His first stop is New York where he probes the recalcitrant Simon for information about Henry’s whereabouts and runs across Susan, a perfectly Hartley-esque femme fatale in dumpy dress and cardigan, knee highs, and always smeared red lipstick. Ned meets her in Simon’s apartment building lobby as a grad student admirer of his poems, but Fay reveals that the same Susan also seems to have been hired by a publisher to ghostwrite her autobiography. Those who’ve watched Henry Fool recently, or studied Hartley obsessively, might also intuit that she’s the “ugly and mean-spirited” thirteen year-old with whom Henry was caught “in flagrant delictum,” an act that led to a seven-year prison sentence prior to Henry Fool. Hartley allows us to piece this together fairly quickly, but it’s some time before Ned figures things out, thus he allows Susan to join him as he crosses the country to Seattle, and then onto Portland where Henry has been hiding out in a pharmaceutical lab, posing as a drug-addled test subject.

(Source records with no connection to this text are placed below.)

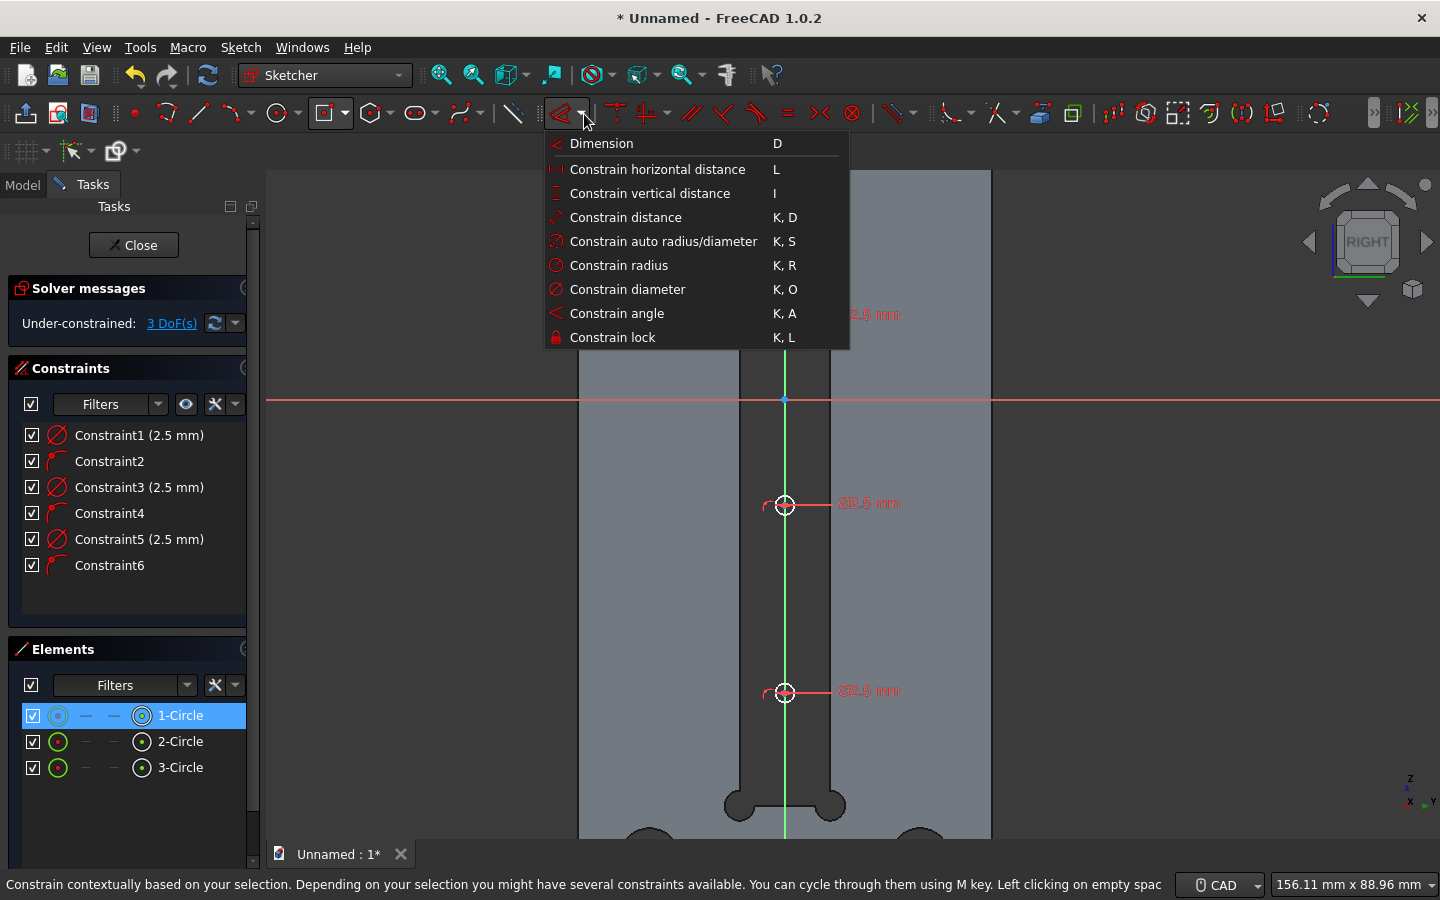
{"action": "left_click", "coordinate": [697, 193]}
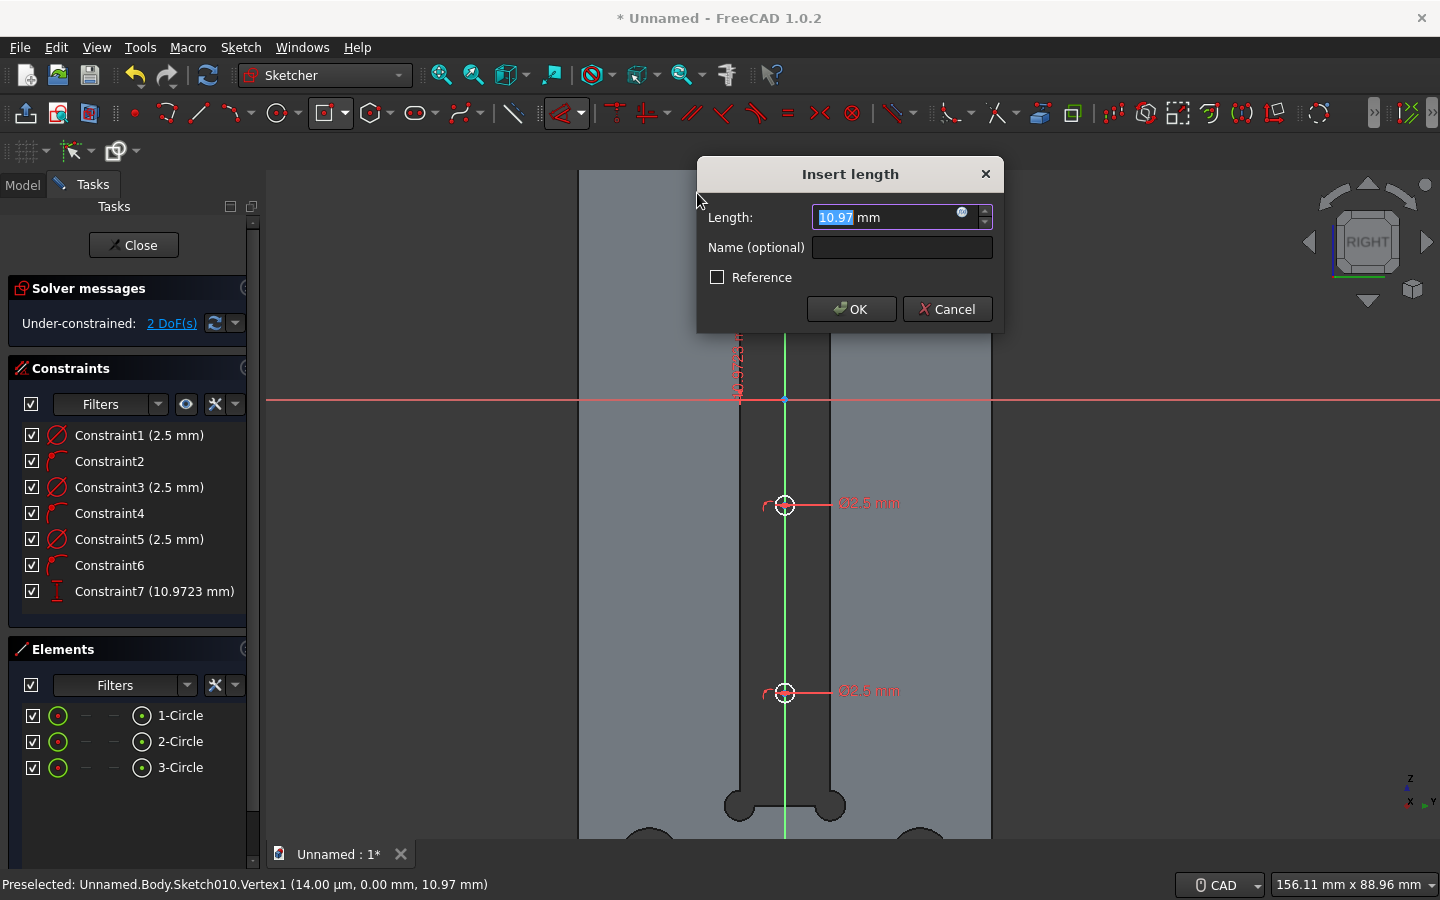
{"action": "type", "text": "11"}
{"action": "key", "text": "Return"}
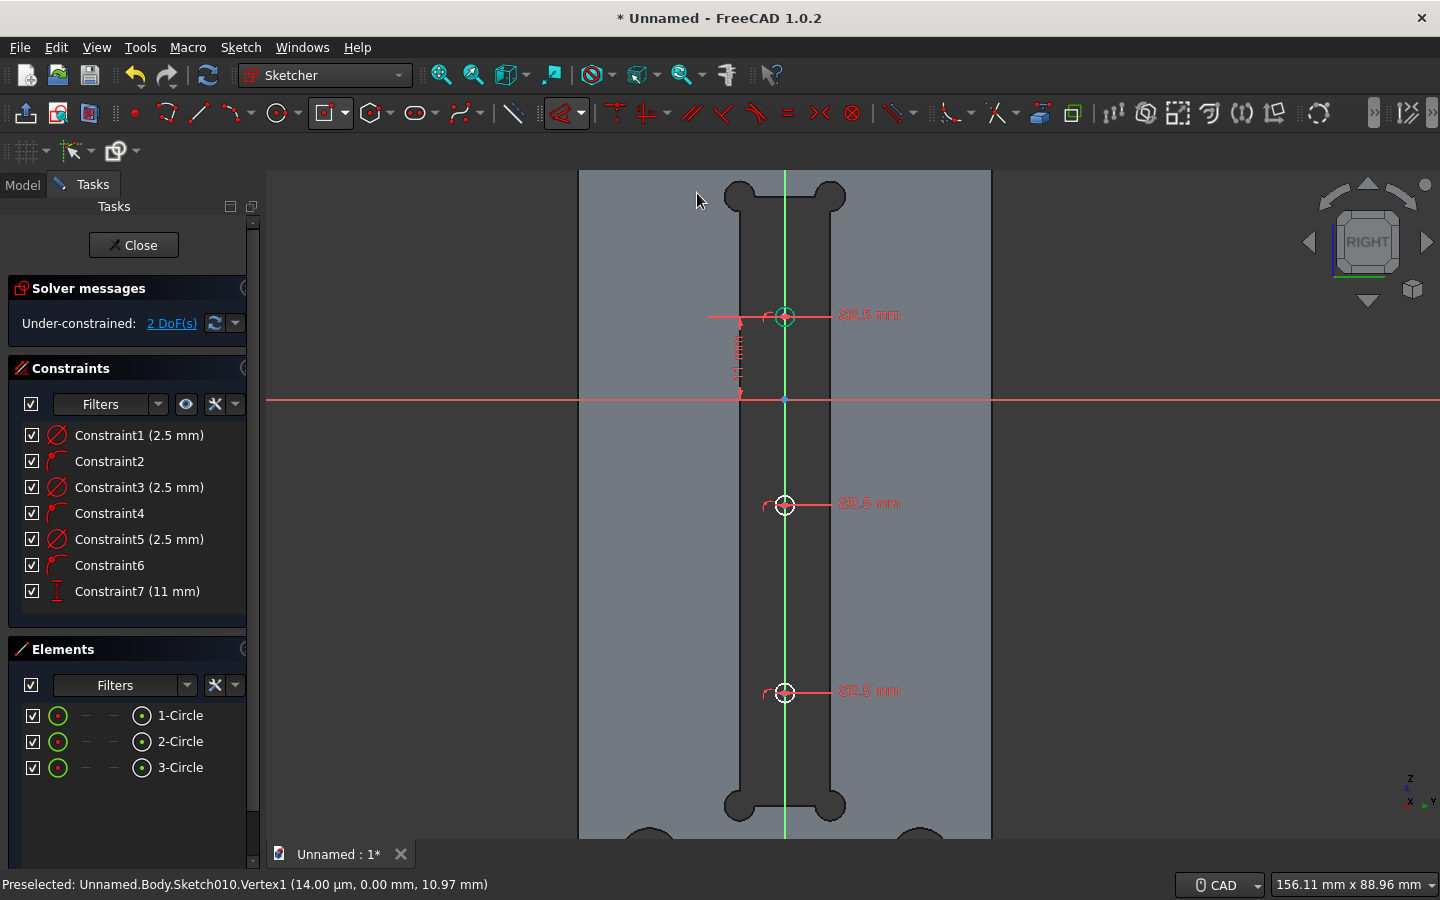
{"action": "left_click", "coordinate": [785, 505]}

Compared to the 137-minute Henry Fool and 119-minute Fay Grim, the 85-minute Ned Rifle feels like a slip of a movie. Its scope is the most focused of the three, and it’s the lone entry in the trilogy that doesn’t have a larger bone to pick with its cultural context: Fool jabbed at the conservative movement’s obsession with artistic obscenity in the late 90s, Fay, the early aughts’ War on Terror, and while Ned takes swipes at the pharmaceutical industry, pompous graduate students, and religious chastity, Hartley doesn’t level a full assault on any of them. The film’s leanness, though not unwelcome, does give Ned something of the air of a project created to satisfy a need for symmetry, to create aesthetic closure, rather than make a wholly standalone statement. Thankfully, Hartley and his troupe (regulars like Robert John Burke, Bill Sage, and Martin Donovan show up in key supporting turns) deliver the material with brio. And Hartley’s idiosyncrasies as a screenwriter remain intact. Never does one feel like loose strands are being tied up (notably Hartley provides no last-minute reprieve for Fay), least of all in its whirlwind conclusion. Ned, having decided against committing murder himself, is left in a parking lot with Henry shot and Susan stabbed. The police near, Henry offers Ned the only fatherly advice he knows, the advice on which he’s lived his life thus far: “Run.” Ned looks down at the bleeding man while keeping his hands raised, and decides to change the fate of his unlucky family with a single word: “No.” What happens next for Ned, Fay, and Simon (and Hartley) remains an open question, but the unlikely epic of their lives now feels pleasingly closed.